Celebration of Women

Women’s history is filled with many victories, as well as struggles. The work of the suffragists from the mid 1800’s set a tone and a presence for generations of women after. They worked to obtain the right to vote, which they may not have seen in their lifetime. However, many who have come after them have been able to reap the reward of their persistent hard work. March is Women’s History Month, a time to celebrate where we have come and to reflect on the work we continue to do today. Just as figures like Elizabeth Cady Stanton and Susan B. Anthony worked to obtain the right to vote, we work tirelessly in an effort to end sexual violence.

The NSVRC library has chosen to celebrate women throughout the month of March. Within our office, we are giving away a copy of Women : A Celebration of Strength  by Louise A. Gikow, Kathy Rodgers, and Lynn Hecht Schafran and published by Legal Momentum. It is an interactive book with pop-up pages and other fun things, which highlights powerful women in our culture.

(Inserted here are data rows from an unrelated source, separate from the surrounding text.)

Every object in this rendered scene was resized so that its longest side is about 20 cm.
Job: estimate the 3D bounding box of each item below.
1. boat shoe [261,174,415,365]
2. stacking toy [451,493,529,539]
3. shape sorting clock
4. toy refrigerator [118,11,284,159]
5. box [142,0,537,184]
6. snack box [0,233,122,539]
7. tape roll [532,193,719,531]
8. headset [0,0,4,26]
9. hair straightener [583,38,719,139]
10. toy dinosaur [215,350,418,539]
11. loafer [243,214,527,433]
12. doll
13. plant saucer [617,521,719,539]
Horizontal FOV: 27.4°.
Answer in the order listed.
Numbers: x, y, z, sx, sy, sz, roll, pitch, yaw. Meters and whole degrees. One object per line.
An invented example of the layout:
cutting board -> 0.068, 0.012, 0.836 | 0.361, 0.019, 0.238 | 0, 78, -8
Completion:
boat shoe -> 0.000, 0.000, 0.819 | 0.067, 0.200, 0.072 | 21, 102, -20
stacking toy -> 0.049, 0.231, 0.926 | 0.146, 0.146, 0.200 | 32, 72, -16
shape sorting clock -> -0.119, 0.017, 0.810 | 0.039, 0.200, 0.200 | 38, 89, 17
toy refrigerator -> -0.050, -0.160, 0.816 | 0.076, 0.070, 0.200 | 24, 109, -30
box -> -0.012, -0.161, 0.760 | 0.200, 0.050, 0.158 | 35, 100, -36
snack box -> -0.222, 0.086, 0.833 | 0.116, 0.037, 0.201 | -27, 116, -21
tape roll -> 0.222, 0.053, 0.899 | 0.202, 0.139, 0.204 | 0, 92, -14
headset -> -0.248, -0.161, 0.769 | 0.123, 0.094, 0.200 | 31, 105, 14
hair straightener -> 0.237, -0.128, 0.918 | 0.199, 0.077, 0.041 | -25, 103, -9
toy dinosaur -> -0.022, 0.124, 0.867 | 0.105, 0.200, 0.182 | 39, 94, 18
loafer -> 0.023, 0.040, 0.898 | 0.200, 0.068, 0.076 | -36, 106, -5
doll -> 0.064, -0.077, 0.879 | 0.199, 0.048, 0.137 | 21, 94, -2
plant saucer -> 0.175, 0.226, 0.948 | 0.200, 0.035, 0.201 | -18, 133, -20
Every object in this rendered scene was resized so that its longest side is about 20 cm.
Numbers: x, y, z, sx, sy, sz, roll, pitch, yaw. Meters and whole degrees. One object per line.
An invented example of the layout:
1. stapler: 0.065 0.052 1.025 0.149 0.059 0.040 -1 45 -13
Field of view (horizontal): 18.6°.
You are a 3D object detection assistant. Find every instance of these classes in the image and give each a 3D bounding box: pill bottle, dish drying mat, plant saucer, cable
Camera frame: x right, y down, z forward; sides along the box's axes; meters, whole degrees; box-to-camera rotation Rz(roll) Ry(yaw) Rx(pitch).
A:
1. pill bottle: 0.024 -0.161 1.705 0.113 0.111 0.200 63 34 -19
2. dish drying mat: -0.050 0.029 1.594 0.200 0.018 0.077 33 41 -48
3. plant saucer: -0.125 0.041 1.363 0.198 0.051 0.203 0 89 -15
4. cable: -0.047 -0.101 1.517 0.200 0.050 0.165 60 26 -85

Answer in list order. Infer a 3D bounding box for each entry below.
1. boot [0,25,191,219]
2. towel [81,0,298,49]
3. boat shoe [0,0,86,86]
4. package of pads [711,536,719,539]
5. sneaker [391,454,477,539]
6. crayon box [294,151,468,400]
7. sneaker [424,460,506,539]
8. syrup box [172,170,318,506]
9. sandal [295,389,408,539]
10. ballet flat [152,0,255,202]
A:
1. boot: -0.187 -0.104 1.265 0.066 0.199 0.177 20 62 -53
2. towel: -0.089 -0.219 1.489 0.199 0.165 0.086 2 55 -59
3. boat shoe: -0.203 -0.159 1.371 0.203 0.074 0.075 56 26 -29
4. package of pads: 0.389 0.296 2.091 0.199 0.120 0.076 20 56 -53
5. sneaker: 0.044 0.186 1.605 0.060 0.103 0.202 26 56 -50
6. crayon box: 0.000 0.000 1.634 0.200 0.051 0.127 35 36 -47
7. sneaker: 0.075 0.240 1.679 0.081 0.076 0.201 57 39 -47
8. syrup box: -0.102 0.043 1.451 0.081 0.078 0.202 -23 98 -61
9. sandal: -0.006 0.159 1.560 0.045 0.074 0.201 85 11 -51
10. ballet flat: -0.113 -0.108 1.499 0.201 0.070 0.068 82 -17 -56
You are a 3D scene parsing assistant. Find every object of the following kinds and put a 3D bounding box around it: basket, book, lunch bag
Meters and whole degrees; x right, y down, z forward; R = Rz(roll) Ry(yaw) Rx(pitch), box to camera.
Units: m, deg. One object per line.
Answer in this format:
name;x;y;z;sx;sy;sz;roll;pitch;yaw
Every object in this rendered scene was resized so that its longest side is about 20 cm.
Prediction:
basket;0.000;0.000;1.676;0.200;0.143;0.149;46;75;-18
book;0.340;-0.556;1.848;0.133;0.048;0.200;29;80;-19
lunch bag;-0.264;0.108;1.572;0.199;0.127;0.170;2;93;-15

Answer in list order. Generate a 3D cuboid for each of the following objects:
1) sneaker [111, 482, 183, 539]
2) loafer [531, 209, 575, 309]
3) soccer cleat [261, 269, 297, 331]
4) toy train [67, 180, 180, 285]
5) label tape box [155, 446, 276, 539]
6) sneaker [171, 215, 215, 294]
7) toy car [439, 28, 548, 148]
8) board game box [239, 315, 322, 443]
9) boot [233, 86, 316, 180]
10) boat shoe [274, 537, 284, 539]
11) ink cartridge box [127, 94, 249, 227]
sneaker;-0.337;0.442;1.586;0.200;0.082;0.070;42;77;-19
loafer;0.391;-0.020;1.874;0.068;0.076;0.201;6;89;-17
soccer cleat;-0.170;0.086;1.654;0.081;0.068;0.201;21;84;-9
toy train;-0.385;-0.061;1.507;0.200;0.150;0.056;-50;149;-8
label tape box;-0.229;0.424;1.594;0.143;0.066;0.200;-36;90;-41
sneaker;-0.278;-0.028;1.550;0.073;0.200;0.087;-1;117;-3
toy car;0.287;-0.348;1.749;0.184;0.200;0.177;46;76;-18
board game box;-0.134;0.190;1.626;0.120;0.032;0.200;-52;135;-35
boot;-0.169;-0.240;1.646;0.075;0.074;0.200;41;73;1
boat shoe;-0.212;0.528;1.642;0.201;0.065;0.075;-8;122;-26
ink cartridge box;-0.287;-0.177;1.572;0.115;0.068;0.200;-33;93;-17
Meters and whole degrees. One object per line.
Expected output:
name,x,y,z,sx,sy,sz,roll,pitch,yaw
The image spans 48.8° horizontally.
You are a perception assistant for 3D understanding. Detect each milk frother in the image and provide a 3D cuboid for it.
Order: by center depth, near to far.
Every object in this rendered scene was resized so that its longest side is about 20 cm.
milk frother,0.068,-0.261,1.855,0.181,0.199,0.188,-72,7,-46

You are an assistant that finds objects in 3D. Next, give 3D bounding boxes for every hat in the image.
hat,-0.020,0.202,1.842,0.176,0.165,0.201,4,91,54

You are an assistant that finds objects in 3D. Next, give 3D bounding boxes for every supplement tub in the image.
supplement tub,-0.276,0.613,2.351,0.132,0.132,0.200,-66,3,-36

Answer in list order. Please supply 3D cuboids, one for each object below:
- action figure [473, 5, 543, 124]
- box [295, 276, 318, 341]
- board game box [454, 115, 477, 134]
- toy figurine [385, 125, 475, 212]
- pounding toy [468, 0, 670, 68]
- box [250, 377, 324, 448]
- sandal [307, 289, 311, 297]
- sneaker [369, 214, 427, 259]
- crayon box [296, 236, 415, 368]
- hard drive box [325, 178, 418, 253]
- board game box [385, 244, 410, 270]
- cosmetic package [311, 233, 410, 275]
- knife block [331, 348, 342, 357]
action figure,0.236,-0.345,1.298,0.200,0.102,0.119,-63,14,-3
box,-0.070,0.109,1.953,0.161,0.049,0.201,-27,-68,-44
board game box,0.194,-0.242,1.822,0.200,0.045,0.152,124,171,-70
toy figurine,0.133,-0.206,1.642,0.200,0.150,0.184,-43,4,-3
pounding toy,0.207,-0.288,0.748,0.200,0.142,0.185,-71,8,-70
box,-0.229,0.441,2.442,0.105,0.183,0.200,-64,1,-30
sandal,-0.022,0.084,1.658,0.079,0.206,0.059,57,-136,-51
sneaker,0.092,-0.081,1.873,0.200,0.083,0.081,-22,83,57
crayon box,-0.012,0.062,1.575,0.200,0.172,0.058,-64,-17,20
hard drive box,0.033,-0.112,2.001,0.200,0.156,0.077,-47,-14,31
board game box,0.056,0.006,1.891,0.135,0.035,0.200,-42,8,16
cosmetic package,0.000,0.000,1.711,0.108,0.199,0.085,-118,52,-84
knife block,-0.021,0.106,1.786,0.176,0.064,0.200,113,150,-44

At the Dark End of the Street: Black Women, Rape, and Resistence-a New History of the Civil Rights Movement from Rosa Park to the Rise of Black Power by Danielle L. McGuire is a wonderful story of women's strength and the will to fight. McGuire brings to light the 1944 rape of Recy Taylor, who was abducted after an evening of singing and praying at the Rock Hill Holiness Church in Alabama. The president of the local NAACP sent his best investogator to take on the case, whose name was Rosa Parks. With this, Parks launched a movement that exposed a history of sexual assault against black women and added fuel to the growing need for change.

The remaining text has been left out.